De Venise, les marchands se rendaient par Aquilée, comme au temps des Romains, à Laybach, dans la vallée de la Save, et de là sur les bords du Danube, commerçant avec les Croates, les Serviens et les Hongrois.

D'autres marchands, prenant la route du Tyrol par Trente et Inspruck, gagnaient Ausbourg et Nuremberg, les deux grands entrepôts de l'Allemagne centrale, qui mettaient en communication la Méditerranée et les mers du Nord, les républiques d'Italie et la hanse teutonique. Les riches négociants d'Ausbourg et de Nuremberg, quoique placés au milieu du continent, avaient des vaisseaux sur toutes les mers et des comptoirs dans le Levant.

Les Vénitiens fréquentaient encore deux routes de terre: l'une à travers le Saint-Gothard les menait, par la vallée du Rhin ou par celle de la Reuss, vers Schaffhouse et vers Båle, d'où ils allaient rejoindre les grandes villes commerçantes de la Souabe ou du Rhin; l'autre, par le Simplon ou le Monte-Moro, les conduisait sur les bords du Rhône et de là à Genève et à Lyon ou dans la Champagne à travers le Jura.

Cette dernière route était très-fréquentée; les Lombards la prenaient d'ordinaire ainsi que les Romagnols et les Florentins, les Génois préféraient se rendre par Testone et Turin au mont Cenis, et de là sur les bords du Rhône. En trente-cinq jours, on allait de Paris à Gênes au XIVe siècle.

Ce fleuve était au midi ce qu'était au nord le Rhin : la grande route du commerce intérieur. Marseille en Provence et Aigues-Mortes en France étaient ses ports. Sur ses rives, les foires de Tarascon, de Beaucaire, de Vienne, de Lyon, de Genève, attiraient la foule des marchands de l'Italie, de l'Espagne, de l'Afrique, du Levant, de la France et du Rhin. A la foire de Beaucaire on voyait surtout les Africains et les Orientaux; c'était une des plus célèbres de l'Europe, et l'on peut juger de son importance, en songeant qu'elle est aujourd'hui, en pleine décandence et qu'on y fait encore 30 millions d'affaires. Aux foires de Lyon, c'étaient les Italiens qui étaient en plus grand nombre; celles-ci ne dataient que du xve siècle; mais elles n'avaient pas tardé, sous Louis XI et sous Charles VIII, à rivaliser avec Beaucaire et à éclipser Genève.

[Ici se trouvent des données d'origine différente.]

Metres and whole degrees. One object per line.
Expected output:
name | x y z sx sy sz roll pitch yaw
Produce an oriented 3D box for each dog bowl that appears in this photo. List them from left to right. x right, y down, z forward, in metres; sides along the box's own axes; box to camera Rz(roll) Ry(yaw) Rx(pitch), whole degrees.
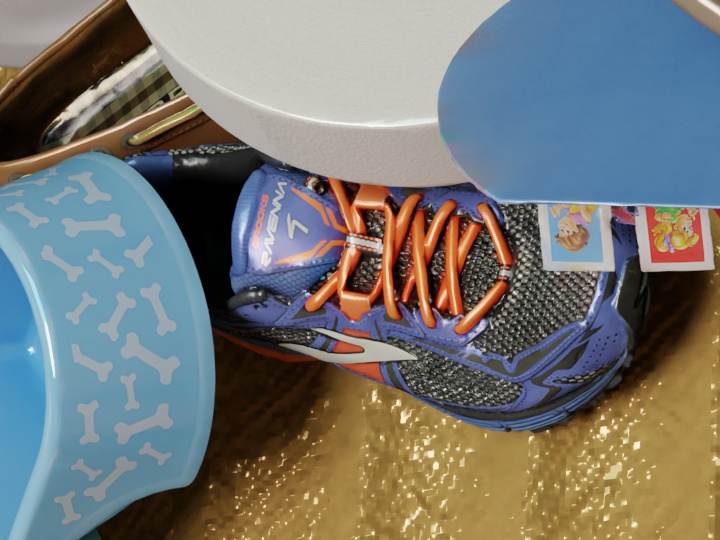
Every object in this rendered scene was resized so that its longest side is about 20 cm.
dog bowl | -0.108 0.057 0.869 0.112 0.050 0.200 52 136 34

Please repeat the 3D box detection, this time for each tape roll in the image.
tape roll | 0.023 -0.118 0.820 0.202 0.037 0.203 -7 62 13

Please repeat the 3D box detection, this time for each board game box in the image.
board game box | 0.121 -0.037 0.688 0.200 0.039 0.158 2 31 21

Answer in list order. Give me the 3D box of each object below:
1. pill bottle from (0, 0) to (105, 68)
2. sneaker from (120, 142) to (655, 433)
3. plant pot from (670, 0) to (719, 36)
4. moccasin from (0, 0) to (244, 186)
pill bottle | -0.119 -0.180 0.974 0.112 0.112 0.200 -28 58 32
sneaker | 0.000 0.000 0.826 0.200 0.078 0.075 4 78 43
plant pot | 0.157 -0.162 0.657 0.200 0.175 0.201 20 127 29
moccasin | -0.042 -0.087 0.892 0.201 0.078 0.074 -33 52 22

Elles avaient remplacé les foires de Champagne et de Brie, si brillantes au XIII et au xive siècle. Pendant plus de deux cents ans, tous les marchands des provinces de l'ancienne Neustrie, de la Lorraine et de l'Italie s'y étaient donné rendez-vous, et six fois par an, à Troyes, à Provins, à Lagny, à Reims ou à Bar-sur-Aube, y avaient échangé les produits du Nord contre les riches marchandises du Midi et de l'Orient.